Methodology applied in Dunedin

The New Zealand Geotechnical Society guidelines and NZS 4404:2010 provide the framework, but in Dunedin the challenge is capturing the sensitivity of the local soft ground. The Caversham Formation includes smectite-rich layers that react to moisture change, and the harbour-edge deposits often contain organic silts with undrained shear strengths below 20 kPa. Our approach starts with continuous core sampling and downhole logging to pick up thin critical bands that conventional SPT-only campaigns miss. We then run consolidated-undrained triaxial tests at in-situ stress levels, because effective stress parameters control the tunnel face stability and the long-term lining loads.
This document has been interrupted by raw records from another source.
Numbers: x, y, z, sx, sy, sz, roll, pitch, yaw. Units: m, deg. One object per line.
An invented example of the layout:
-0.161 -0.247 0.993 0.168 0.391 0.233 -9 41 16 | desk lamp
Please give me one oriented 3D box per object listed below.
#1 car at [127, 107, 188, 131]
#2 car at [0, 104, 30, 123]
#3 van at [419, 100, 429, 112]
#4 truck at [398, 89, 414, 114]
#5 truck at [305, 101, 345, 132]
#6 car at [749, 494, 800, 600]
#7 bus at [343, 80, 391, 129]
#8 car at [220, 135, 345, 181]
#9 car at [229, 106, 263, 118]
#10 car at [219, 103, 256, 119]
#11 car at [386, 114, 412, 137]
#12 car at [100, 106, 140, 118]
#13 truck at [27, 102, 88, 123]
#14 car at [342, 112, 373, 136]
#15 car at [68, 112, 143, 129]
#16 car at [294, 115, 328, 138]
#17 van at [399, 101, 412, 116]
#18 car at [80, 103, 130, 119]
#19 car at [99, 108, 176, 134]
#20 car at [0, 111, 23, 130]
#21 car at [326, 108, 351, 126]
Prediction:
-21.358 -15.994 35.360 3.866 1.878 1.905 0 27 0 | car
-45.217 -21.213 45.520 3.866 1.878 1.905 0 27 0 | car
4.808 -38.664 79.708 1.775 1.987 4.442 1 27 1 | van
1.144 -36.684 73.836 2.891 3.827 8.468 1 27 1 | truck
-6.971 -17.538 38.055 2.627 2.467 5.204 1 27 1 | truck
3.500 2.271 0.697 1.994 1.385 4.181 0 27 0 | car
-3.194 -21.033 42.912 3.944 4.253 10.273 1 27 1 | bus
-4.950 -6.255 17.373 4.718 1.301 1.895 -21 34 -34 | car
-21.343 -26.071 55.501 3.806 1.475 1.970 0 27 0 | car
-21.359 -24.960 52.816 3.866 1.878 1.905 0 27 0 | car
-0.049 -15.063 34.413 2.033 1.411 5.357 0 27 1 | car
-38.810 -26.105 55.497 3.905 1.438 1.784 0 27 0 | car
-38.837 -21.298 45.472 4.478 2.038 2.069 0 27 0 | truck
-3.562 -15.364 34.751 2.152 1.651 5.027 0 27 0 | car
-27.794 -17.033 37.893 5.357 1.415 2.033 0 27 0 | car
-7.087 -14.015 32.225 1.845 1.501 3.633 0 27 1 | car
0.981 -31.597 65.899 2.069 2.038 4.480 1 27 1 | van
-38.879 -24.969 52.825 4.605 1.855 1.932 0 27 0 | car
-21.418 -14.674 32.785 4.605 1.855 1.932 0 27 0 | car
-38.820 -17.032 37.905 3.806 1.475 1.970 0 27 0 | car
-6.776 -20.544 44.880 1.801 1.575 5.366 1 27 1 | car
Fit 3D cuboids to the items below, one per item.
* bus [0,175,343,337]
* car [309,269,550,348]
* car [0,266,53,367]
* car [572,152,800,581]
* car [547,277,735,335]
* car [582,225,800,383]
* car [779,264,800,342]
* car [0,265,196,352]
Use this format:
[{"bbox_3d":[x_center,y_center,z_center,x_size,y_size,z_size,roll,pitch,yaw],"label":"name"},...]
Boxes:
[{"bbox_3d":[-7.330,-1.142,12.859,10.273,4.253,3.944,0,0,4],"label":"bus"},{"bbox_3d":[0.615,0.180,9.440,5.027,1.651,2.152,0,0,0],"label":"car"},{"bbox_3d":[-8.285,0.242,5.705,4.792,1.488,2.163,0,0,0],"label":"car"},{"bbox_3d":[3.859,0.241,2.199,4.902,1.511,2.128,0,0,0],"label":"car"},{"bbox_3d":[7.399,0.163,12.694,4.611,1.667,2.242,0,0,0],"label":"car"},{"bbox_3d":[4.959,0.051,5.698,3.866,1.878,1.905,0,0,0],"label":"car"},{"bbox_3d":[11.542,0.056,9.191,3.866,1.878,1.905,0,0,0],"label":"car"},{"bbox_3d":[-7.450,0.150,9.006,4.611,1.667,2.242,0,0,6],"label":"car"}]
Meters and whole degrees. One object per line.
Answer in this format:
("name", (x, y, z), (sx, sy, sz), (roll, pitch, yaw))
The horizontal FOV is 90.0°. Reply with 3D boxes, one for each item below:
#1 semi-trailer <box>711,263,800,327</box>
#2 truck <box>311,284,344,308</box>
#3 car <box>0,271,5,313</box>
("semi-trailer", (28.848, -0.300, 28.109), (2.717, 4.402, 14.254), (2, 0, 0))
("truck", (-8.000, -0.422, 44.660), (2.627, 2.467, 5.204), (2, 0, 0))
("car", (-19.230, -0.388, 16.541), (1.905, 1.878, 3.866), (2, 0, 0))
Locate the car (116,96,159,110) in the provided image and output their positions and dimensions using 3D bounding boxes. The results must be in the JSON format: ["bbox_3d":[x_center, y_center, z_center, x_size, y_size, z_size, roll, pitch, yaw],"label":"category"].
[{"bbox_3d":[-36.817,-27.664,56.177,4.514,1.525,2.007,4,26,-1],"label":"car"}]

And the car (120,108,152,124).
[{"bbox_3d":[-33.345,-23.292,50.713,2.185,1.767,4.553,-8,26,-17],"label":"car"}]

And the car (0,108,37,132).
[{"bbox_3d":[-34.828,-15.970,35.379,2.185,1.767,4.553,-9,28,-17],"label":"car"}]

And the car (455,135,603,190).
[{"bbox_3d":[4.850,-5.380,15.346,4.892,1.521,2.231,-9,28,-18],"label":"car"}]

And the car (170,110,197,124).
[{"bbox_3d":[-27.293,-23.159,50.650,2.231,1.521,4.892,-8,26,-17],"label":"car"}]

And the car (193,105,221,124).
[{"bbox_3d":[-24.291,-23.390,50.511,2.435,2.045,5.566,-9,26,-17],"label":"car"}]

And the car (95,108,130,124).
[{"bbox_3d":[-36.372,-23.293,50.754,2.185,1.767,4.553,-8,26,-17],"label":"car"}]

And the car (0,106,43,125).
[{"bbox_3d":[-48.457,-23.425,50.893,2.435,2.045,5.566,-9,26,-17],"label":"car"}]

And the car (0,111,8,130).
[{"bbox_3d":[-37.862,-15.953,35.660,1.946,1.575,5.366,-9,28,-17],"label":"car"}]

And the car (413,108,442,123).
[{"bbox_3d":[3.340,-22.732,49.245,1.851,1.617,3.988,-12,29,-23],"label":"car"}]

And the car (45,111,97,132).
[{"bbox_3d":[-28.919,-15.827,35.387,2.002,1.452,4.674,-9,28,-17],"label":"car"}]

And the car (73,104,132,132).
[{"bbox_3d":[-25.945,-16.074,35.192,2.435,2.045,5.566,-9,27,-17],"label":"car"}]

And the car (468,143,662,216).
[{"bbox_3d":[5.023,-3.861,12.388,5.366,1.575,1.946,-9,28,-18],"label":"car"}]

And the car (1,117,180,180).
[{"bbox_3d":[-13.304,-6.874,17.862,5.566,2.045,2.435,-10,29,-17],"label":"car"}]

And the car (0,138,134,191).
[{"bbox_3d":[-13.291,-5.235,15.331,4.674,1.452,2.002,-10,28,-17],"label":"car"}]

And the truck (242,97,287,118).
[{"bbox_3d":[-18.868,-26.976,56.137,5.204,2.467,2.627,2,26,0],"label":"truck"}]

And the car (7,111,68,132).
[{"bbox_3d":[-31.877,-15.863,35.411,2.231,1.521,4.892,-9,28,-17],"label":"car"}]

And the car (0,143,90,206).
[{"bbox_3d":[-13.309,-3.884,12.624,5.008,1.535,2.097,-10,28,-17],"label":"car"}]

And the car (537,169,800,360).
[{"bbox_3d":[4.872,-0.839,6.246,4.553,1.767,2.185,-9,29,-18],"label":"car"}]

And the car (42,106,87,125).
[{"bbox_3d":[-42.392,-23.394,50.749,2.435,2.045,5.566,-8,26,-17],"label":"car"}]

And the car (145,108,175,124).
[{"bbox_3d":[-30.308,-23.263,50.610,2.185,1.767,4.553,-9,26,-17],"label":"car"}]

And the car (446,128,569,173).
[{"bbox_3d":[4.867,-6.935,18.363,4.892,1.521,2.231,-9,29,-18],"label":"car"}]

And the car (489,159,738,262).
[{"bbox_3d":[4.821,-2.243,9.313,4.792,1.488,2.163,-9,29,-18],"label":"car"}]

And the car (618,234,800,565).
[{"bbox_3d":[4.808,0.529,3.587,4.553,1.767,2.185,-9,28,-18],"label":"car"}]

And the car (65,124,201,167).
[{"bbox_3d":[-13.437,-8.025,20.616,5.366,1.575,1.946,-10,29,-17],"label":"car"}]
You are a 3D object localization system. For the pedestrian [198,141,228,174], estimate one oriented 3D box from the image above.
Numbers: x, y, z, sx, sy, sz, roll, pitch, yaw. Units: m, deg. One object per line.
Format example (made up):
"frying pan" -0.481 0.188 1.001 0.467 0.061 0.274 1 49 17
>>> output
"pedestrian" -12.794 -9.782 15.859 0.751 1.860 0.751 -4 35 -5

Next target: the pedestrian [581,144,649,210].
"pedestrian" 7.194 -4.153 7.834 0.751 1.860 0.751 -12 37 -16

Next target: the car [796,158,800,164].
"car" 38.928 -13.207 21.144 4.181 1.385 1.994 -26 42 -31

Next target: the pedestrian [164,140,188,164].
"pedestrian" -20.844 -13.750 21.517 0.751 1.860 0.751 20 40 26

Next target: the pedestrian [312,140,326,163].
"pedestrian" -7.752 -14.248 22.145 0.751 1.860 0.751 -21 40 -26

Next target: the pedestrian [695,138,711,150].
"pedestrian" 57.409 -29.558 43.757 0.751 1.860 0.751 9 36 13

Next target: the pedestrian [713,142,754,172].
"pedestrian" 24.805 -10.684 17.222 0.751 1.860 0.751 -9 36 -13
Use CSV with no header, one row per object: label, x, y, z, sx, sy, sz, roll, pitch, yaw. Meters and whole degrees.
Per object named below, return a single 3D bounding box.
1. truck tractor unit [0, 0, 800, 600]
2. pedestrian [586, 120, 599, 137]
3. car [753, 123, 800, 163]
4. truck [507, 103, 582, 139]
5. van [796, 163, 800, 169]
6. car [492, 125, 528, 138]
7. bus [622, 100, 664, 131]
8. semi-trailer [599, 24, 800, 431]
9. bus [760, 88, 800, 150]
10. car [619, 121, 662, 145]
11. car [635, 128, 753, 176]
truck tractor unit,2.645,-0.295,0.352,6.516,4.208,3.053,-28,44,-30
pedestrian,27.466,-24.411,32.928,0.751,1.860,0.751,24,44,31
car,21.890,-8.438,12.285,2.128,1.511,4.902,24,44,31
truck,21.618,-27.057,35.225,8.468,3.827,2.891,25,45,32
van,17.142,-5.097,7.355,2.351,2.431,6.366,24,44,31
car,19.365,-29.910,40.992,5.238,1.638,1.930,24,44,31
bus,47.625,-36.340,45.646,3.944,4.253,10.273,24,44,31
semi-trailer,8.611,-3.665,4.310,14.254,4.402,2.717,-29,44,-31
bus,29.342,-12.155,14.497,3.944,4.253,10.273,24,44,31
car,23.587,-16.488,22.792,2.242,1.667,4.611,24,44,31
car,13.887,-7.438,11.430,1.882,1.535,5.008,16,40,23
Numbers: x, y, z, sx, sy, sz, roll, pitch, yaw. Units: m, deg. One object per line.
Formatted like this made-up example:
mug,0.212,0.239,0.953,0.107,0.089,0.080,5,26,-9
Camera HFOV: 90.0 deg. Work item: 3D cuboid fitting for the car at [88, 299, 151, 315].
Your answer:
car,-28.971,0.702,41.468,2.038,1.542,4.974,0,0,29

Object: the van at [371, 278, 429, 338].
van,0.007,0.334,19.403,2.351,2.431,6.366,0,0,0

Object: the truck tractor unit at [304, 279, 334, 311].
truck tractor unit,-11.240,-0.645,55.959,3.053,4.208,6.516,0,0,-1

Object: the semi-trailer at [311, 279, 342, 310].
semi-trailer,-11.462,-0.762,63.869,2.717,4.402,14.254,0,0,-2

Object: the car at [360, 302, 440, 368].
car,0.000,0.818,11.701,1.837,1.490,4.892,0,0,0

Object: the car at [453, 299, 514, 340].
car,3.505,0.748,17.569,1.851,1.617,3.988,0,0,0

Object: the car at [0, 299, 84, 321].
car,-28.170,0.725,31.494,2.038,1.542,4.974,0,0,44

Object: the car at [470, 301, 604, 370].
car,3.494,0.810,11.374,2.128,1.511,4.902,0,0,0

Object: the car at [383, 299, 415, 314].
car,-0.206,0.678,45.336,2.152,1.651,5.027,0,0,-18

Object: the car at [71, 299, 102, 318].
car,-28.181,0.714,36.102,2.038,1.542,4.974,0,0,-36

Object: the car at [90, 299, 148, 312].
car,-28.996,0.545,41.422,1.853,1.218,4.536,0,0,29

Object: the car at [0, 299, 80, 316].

The resulting ground model feeds directly into 2D and 3D numerical analyses for sequential excavation sequencing and pre-support design.

Tunnel Feasibility & Ground Support in Dunedin’s Weak Soils

Parameter	Typical value
Undrained shear strength (Su) — estuarine silts	15–40 kPa (sensitive)
Permeability coefficient (k) — alluvium	1×10⁻⁷ to 5×10⁻⁵ m/s
Plasticity index — Caversham Formation	20–40% (high plasticity)
Effective friction angle (φ') — residual soil	26–32°
Soil stiffness (E50 ref)	5–20 MPa (soft to firm)
Tunnel face stability ratio (N)	3.5–6.0 (unsupported)
Swell pressure — smectitic clays	50–180 kPa
Groundwater recovery rate	0.5–2.0 m/day

Local geotechnical conditions in Dunedin

Much of South Dunedin’s development sits on reclaimed land that was marsh and tidal inlet before the late 19th century. Early drainage schemes and subsequent fill placement created a layered profile of uncompacted material over natural soft sediments, and that legacy still dictates underground construction risk today. Tunnelling through these deposits without a solid ground model invites face collapse, uncontrolled settlement at surface, and long-term buoyancy issues in the lining. The most common trigger we see is water: even minor leaks can soften the matrix, reduce arching capacity, and accelerate consolidation settlements under adjacent structures. A phased investigation with instrumented boreholes and settlement arrays, tied to staged excavation monitoring, gives the early warning needed to adjust support pressure and grouting before problems become visible at street level.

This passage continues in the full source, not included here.